Grouping, group processing, and aggregation: it's often useful to separate a relation into groups based on values of certain attribute(s), and then to continue processing with the grouped data.

-- group some words by their length
$ let g1 = groupBy length $ words "this is an article for my blog that I hope is interesting"
[(1,["I"]),       (2,["is","my","an","is"]),
 (3,["for"]),     (4,["hope","that","blog","this"]),
 (7,["article"]), (11,["interesting"])]

-- the first letters of words, in each group
$ groupLift (project head) g1
[(1,"I"), (2,"ima"),
 (3,"f"), (4,"htb"),
 (7,"a"), (11,"i")]

-- the number of words, in each group
$ groupLift length g1
[(1,1), (2,4),
 (3,1), (4,4),
 (7,1), (11,1)]

-- the unique letters, in each group
$ groupLift (nub . concat) g1
[(1,"I"),       (2,"ismyan"),
 (3,"for"),     (4,"hopetablgis"),
 (7,"article"), (11,"intersg")]

-- aggregation ignoring groups
$ aggregate (length . snd) sum g1
12

-- aggregation within groups
$ groupLift (aggregate (ord . head) sum) g1
[(1,73),  (2,416),
 (3,102), (4,434),
 (7,97),  (11,105)]

And the implementations:
innerJoin :: (a -> b -> Bool) -> [a] -> [b] -> [(a, b)]
innerJoin f ls rs = rfilter (uncurry f) (rproduct ls rs)
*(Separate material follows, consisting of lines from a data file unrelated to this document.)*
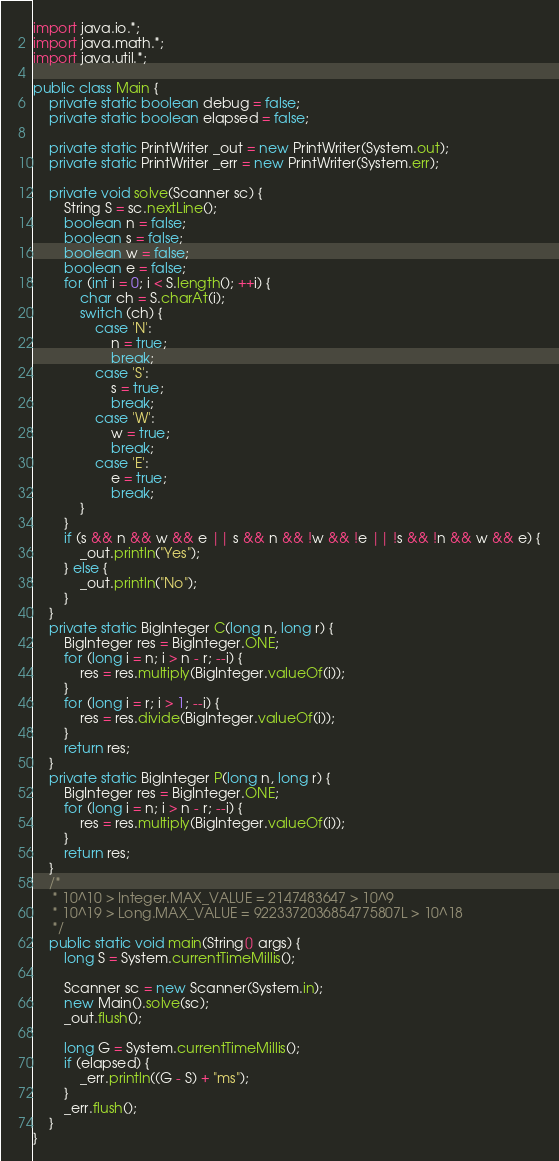<code> <loc_0><loc_0><loc_500><loc_500><_Java_>import java.io.*;
import java.math.*;
import java.util.*;

public class Main {
    private static boolean debug = false;
    private static boolean elapsed = false;

    private static PrintWriter _out = new PrintWriter(System.out);
    private static PrintWriter _err = new PrintWriter(System.err);

    private void solve(Scanner sc) {
        String S = sc.nextLine();
        boolean n = false;
        boolean s = false;
        boolean w = false;
        boolean e = false;
        for (int i = 0; i < S.length(); ++i) {
            char ch = S.charAt(i);
            switch (ch) {
                case 'N':
                    n = true;
                    break;
                case 'S':
                    s = true;
                    break;
                case 'W':
                    w = true;
                    break;
                case 'E':
                    e = true;
                    break;
            }
        }
        if (s && n && w && e || s && n && !w && !e || !s && !n && w && e) {
            _out.println("Yes");
        } else {
            _out.println("No");
        }
    }
    private static BigInteger C(long n, long r) {
        BigInteger res = BigInteger.ONE;
        for (long i = n; i > n - r; --i) {
            res = res.multiply(BigInteger.valueOf(i));
        }
        for (long i = r; i > 1; --i) {
            res = res.divide(BigInteger.valueOf(i));
        }
        return res;
    }
    private static BigInteger P(long n, long r) {
        BigInteger res = BigInteger.ONE;
        for (long i = n; i > n - r; --i) {
            res = res.multiply(BigInteger.valueOf(i));
        }
        return res;
    }
    /*
     * 10^10 > Integer.MAX_VALUE = 2147483647 > 10^9
     * 10^19 > Long.MAX_VALUE = 9223372036854775807L > 10^18
     */
    public static void main(String[] args) {
        long S = System.currentTimeMillis();

        Scanner sc = new Scanner(System.in);
        new Main().solve(sc);
        _out.flush();

        long G = System.currentTimeMillis();
        if (elapsed) {
            _err.println((G - S) + "ms");
        }
        _err.flush();
    }
}</code> 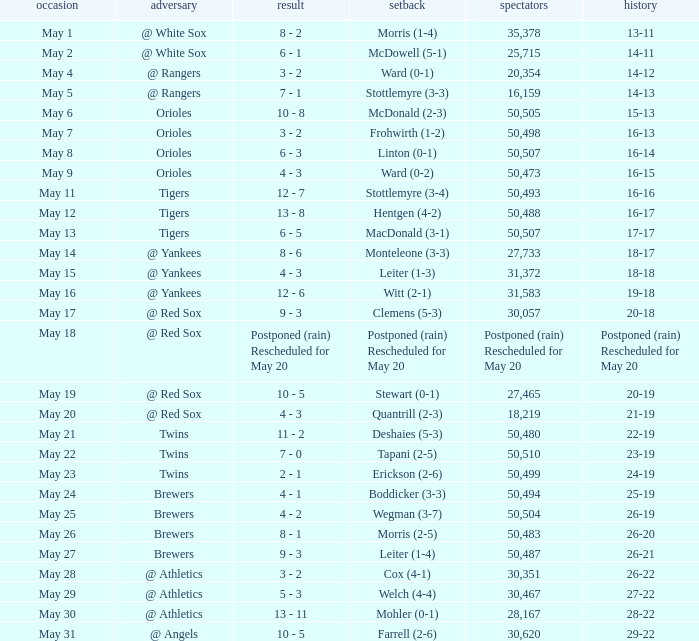On what date was their record 26-19? May 25.

leftJoin :: forall a b. (a -> b -> Bool) -> b -> [a] -> [b] -> [(a, b)]
leftJoin p null rl rr = concatMap f rl
  where 
    -- go through all the a's 
    --   match each a with all b's
    --   if no matches, match it with the default
    --   otherwise keep all matches
    f :: a -> [(a, b)]
    f a = map ((,) a) $ addNull $ filter (p a) rr
      where
        addNull :: [b] -> [b]
        addNull [] = [null]
        addNull bs = bs

outerJoin :: (Eq a, Eq b) => (a -> b -> Bool) -> a -> b -> [a] -> [b] -> [(a, b)]
outerJoin p anull bnull as bs = union left right
  where 
    left = leftJoin p bnull as bs
    right = project swap $ leftJoin (flip p) anull bs as

groupBy :: (Ord b) => (a -> b) -> [a] -> [(b, [a])]
groupBy f rel = toList grouped
  where
    grouped = foldl f' (fromList []) rel
    f' mp next = addRow (f next) next mp
    -- check whether the key's already in the map:
    -- if it is, stick 'next' on the existing list
    -- if not, create a new, single-element list for that key
    addRow :: Ord k => k -> v -> Map k [v] -> Map k [v]
    addRow k v mp = case lookup k mp of    
                        (Just oldval) -> insert k (v:oldval) mp;  
                        _ -> insert k [v] mp;  

groupLift :: ([a] -> c) -> ([(b, [a])] -> [(b, c)])
groupLift f = map (fmap f)  

aggregate :: (a -> b) -> ([b] -> c) -> [a] -> c
aggregate proj f = f . map proj

Some notes about the design goals of the library

was shooting for flexibility, simplicity, and minimality, not efficiency. thus, it lacks many 'composite operators' that SQL has, for instance: in a SQL join, you both join and project all in one operation. in this library, instead, you'd do the join, then the projection separately ... maybe less efficient, but more expressive and compositional. another example, is that it lacks things like equi-joins that would make joining more efficient; it doesn't have them b/c that's covered by inner joins.